# Old Green Bottle



## GlassKeeper (Dec 23, 2010)

I finally got my camera back so I thought I'd post some pictures of my new bottle. My wife and I were on vacation in late october, we hit some antique shops and I couldn't find a thing. We were going to take a drive up the coast of Maine but she wanted to hit a couple more shops in the area we were staying. It was too nice of a day to be traveling so I said what the heck, she was right. To make a long story short we went into the last shop a half hour before they closed. Thats when everything came together and fell into place, perfect timing. I heard my wife say isn't this the kind of bottle you like? I turned to see her holding a nice old green bottle with a ton of whittle in it. I couldn't believe my eyes, the old green bottle was an OLD DR. TOWNSEND SARSAPARILLA. She smiled at me and said it has a funny bottom on it, she knew what an iron pontil looked like, she was rubbing it in because I walked right by the bottle and never noticed it. I couldn't believe it when she told me the price tag said old green bottle 10.00 dollars, not a $100.00 and that I had misread the price. When I got in the car I couldn't find anything wrong with it. When I paid for the bottle the owner of the shop told me the person just brought it in with some other things and if she had known it was there she would have bought it. Since then I have had some good offers but I just can't let that old green bottle go! I just want a chance to enjoy the glass for a while. I know deals like this happen alot but not to me.


----------



## GlassKeeper (Dec 23, 2010)

The $10.00 bottle.


----------



## GlassKeeper (Dec 23, 2010)

Another


----------



## GlassKeeper (Dec 23, 2010)

.


----------



## GlassKeeper (Dec 23, 2010)

Picture of the pontil


----------



## GlassKeeper (Dec 23, 2010)

One last picture.


----------



## JOETHECROW (Dec 23, 2010)

One of the nicest ten dollar bottles I've ever seen! I'd be keeping it too! Great color and nice pictures....


----------



## GlassKeeper (Dec 23, 2010)

Thanks Joe, this is my first time uploading photos.


----------



## coboltmoon (Dec 23, 2010)

WOW!!!!!

 What town in Maine did you find that.  I want to check out that shop.  I went to a new shop today and stuck out.


----------



## JustGlass (Dec 24, 2010)

Awesome bottle and super nice color. Great find.


----------



## epackage (Dec 27, 2010)

A Beauty...


----------



## CHRISTHEHAWK (Dec 28, 2010)

I'll give you $11 for the bottle.[]


----------



## cowseatmaize (Dec 28, 2010)

> we hit some antique shops and I couldn't find a thing. We were going to take a drive up the coast of Maine but she wanted to hit a couple more shops in the area we were staying


 It wouldn't have been one of the couple (hundred) shops up to the Yorks, would it?


----------



## GlassKeeper (Dec 28, 2010)

Thanks everyone I thought it was a nice find even though I wasn't the one who found it. My brother and I will start hitting shops in Arundel and by the end of the day we will end up in Northwood N H., we won't even stop for lunch. We always like stopping and seeing Jeff at his bottle shop in York and talking with him for a while, to see how he is doing and if he has anything new in his collection. Thats what I like about collecting, all the people you meet. The only way I can have a bottle like that in my collection is to luck out. I would like to start digging, seems like It's easier finding an old arrowhead than it is  finding an old bottle dump. 

  Jim


----------



## cowseatmaize (Dec 28, 2010)

> seems like It's easier finding an old arrowhead than it is finding an old bottle dump.
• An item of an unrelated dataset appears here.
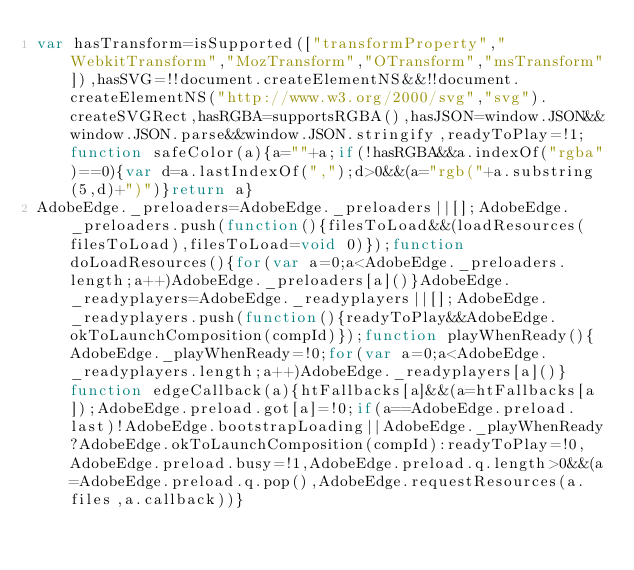Convert code to text. <code><loc_0><loc_0><loc_500><loc_500><_JavaScript_>var hasTransform=isSupported(["transformProperty","WebkitTransform","MozTransform","OTransform","msTransform"]),hasSVG=!!document.createElementNS&&!!document.createElementNS("http://www.w3.org/2000/svg","svg").createSVGRect,hasRGBA=supportsRGBA(),hasJSON=window.JSON&&window.JSON.parse&&window.JSON.stringify,readyToPlay=!1;function safeColor(a){a=""+a;if(!hasRGBA&&a.indexOf("rgba")==0){var d=a.lastIndexOf(",");d>0&&(a="rgb("+a.substring(5,d)+")")}return a}
AdobeEdge._preloaders=AdobeEdge._preloaders||[];AdobeEdge._preloaders.push(function(){filesToLoad&&(loadResources(filesToLoad),filesToLoad=void 0)});function doLoadResources(){for(var a=0;a<AdobeEdge._preloaders.length;a++)AdobeEdge._preloaders[a]()}AdobeEdge._readyplayers=AdobeEdge._readyplayers||[];AdobeEdge._readyplayers.push(function(){readyToPlay&&AdobeEdge.okToLaunchComposition(compId)});function playWhenReady(){AdobeEdge._playWhenReady=!0;for(var a=0;a<AdobeEdge._readyplayers.length;a++)AdobeEdge._readyplayers[a]()}function edgeCallback(a){htFallbacks[a]&&(a=htFallbacks[a]);AdobeEdge.preload.got[a]=!0;if(a==AdobeEdge.preload.last)!AdobeEdge.bootstrapLoading||AdobeEdge._playWhenReady?AdobeEdge.okToLaunchComposition(compId):readyToPlay=!0,AdobeEdge.preload.busy=!1,AdobeEdge.preload.q.length>0&&(a=AdobeEdge.preload.q.pop(),AdobeEdge.requestResources(a.files,a.callback))}</code> 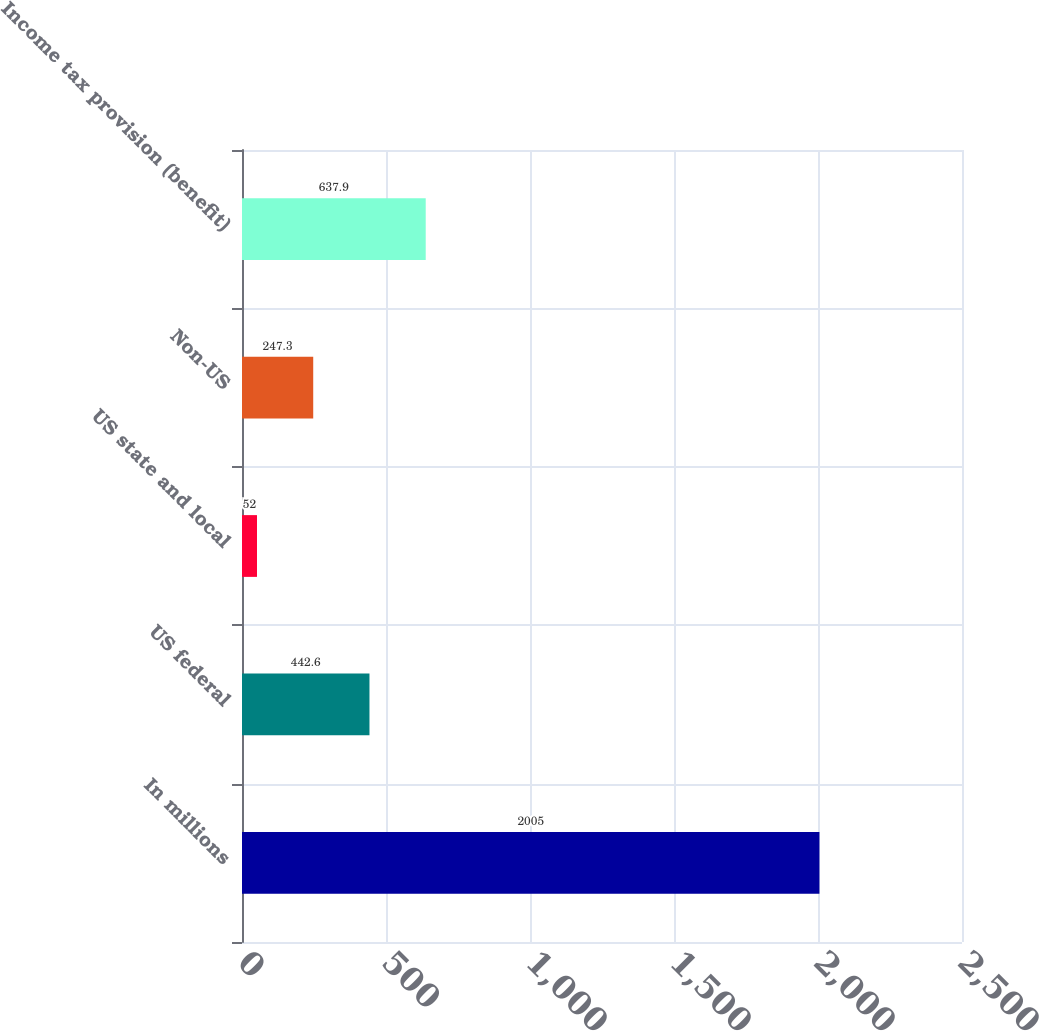<chart> <loc_0><loc_0><loc_500><loc_500><bar_chart><fcel>In millions<fcel>US federal<fcel>US state and local<fcel>Non-US<fcel>Income tax provision (benefit)<nl><fcel>2005<fcel>442.6<fcel>52<fcel>247.3<fcel>637.9<nl></chart>

 I know of so many dumps. Most are on private or conservation land. I haven't dug in years. The area I grew up in was all native american until the early 1700's (there were scattered houses but mostly still native settlements) but I never found an artifact, not that I would have known it when I was 12.


----------



## RIBottleguy (Dec 28, 2010)

Even at $100 that would be a bargain.  Nice find!


----------



## GlassKeeper (Dec 29, 2010)

Eric, the dumps around where I live have been pretty much picked over, I have to learn how to find new ones. I do have a metal detector I can use to find dumps just under the surface, it's just taking the time to research old maps. With arrowheads we look for plowed fields around water, then we look for slivers of quartz, chert or flint so we know they were knapping arrowheads. If we don't find any material, it's back to the car and on to the next field.


----------



## GlassKeeper (Dec 29, 2010)

I would have had no problem paying a $100.00 either. After seeing them at bottle shows I never thought I would own one.  I did tell my wife if I sold it I would split the profit with her, maybe thats why I don't want to see it go. Just kidding, I really like the glass!

  Jim


----------